> [What this task involves] For every line in the data below that contains "object", copy the line.

> [Material supplied]
====

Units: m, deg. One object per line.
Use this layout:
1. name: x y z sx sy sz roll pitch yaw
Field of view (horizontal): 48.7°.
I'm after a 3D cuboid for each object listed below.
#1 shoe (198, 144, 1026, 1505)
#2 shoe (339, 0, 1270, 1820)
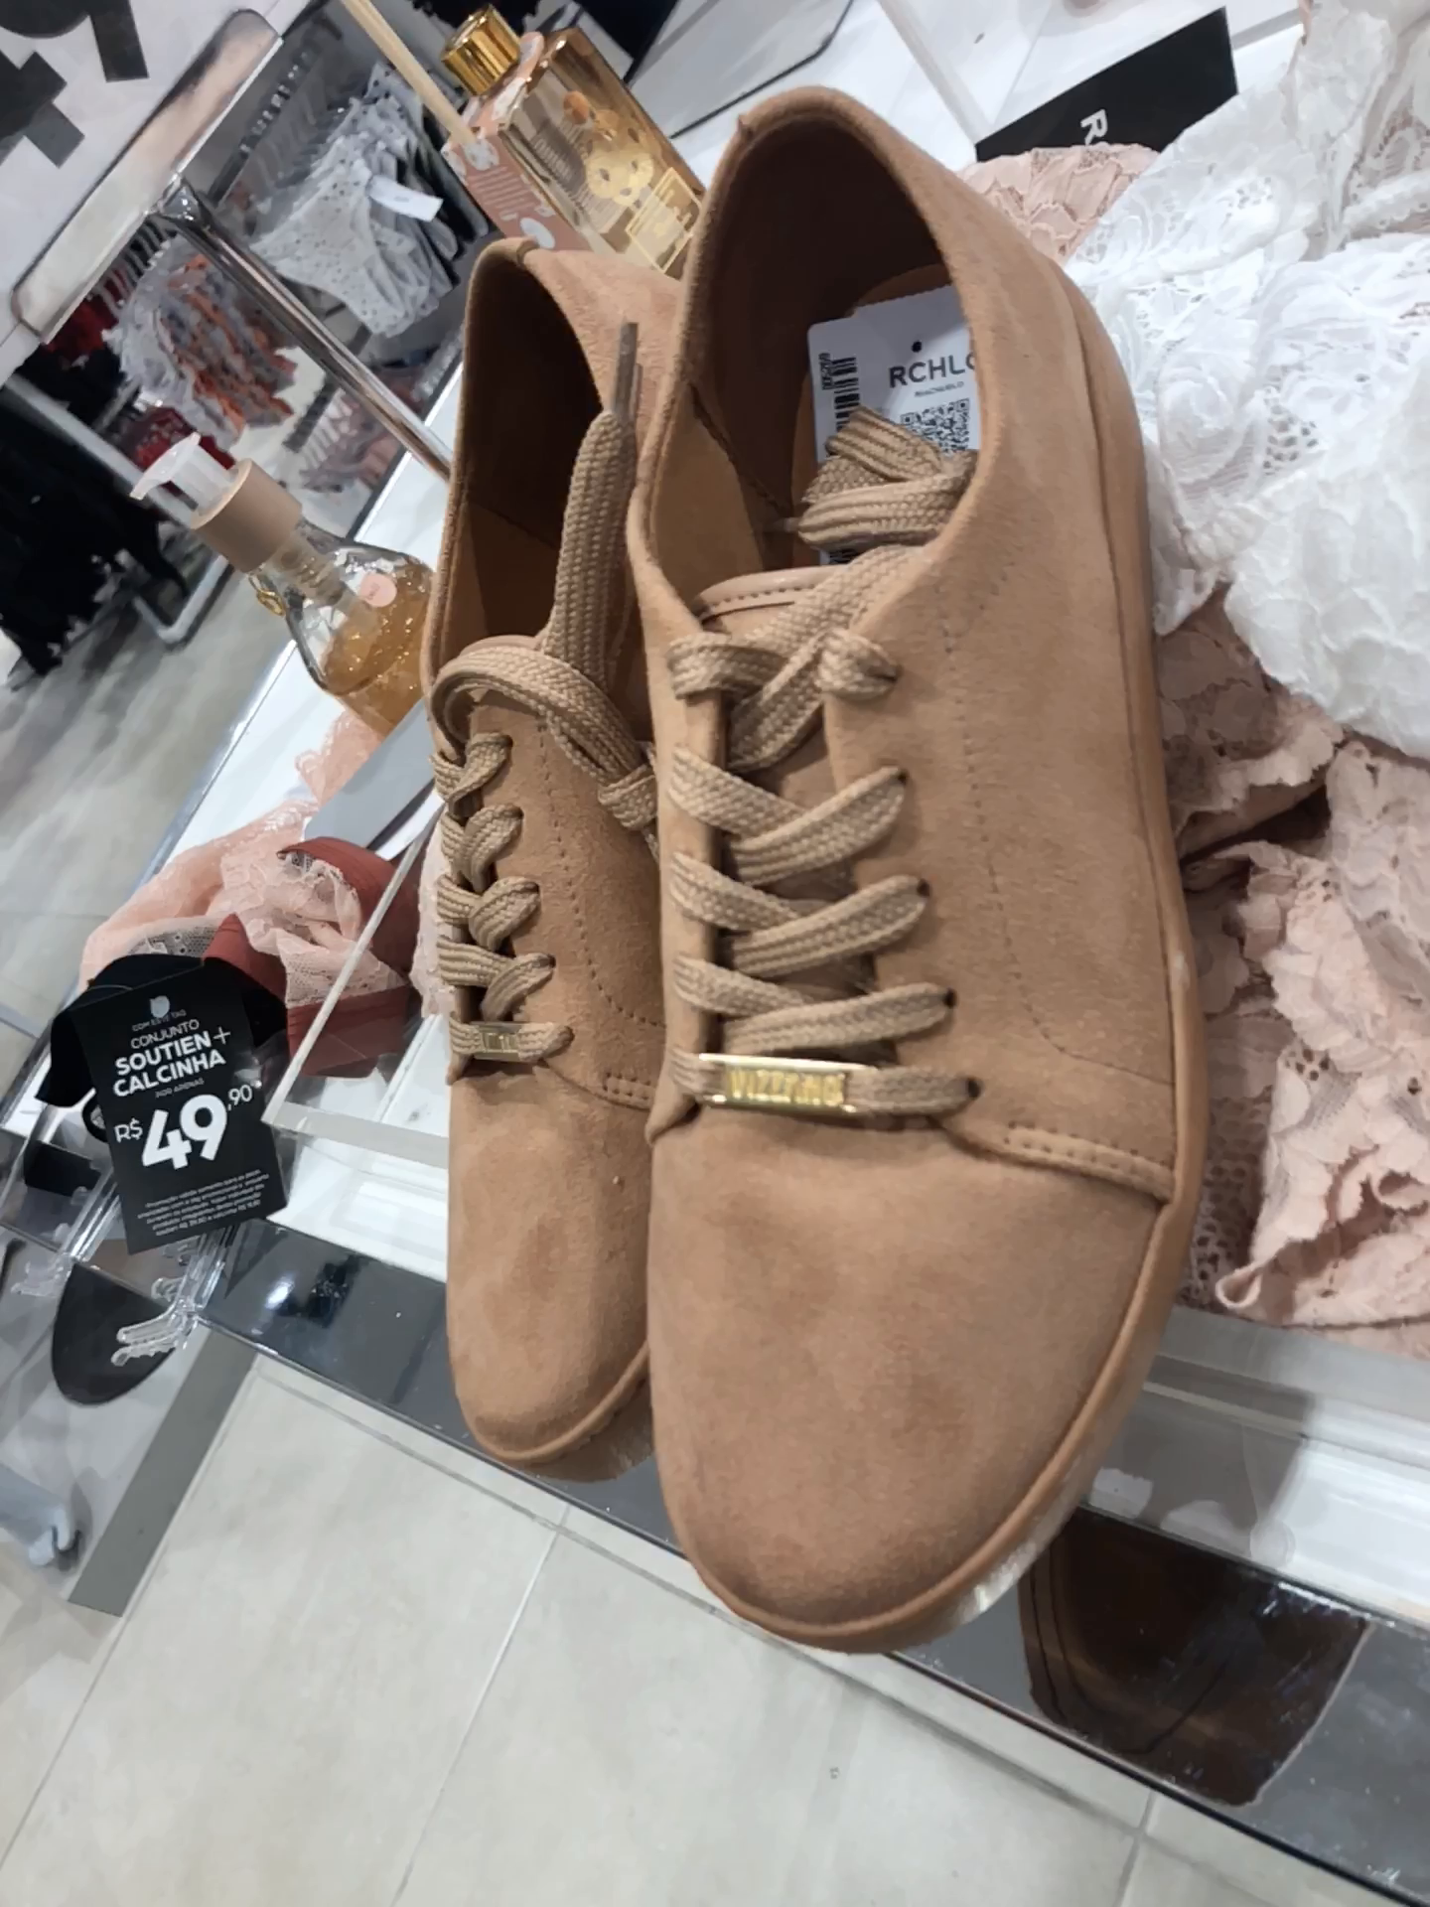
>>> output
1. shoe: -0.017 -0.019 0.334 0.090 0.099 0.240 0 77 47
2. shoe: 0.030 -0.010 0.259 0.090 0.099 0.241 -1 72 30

====

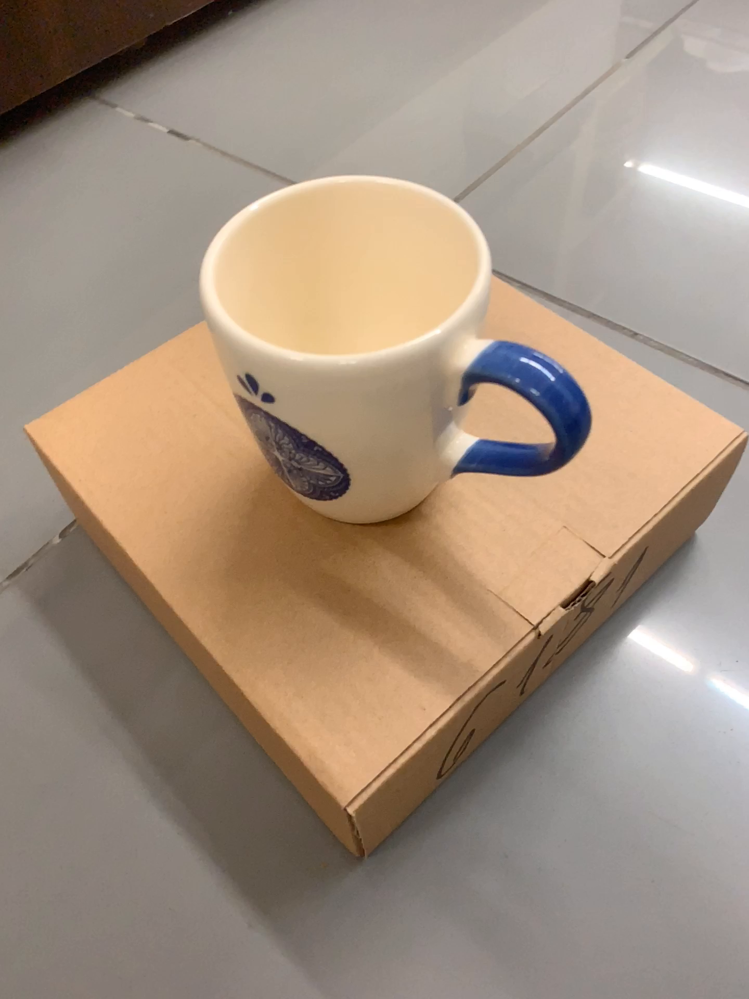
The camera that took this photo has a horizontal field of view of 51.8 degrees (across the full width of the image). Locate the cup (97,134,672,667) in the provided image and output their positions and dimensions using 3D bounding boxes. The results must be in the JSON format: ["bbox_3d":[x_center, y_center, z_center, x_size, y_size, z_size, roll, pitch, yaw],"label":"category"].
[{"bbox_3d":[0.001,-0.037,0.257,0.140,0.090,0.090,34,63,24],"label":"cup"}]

====

> [The answer]
Units: m, deg. One object per line.
I'm after a 3D cuboid for each object listed below.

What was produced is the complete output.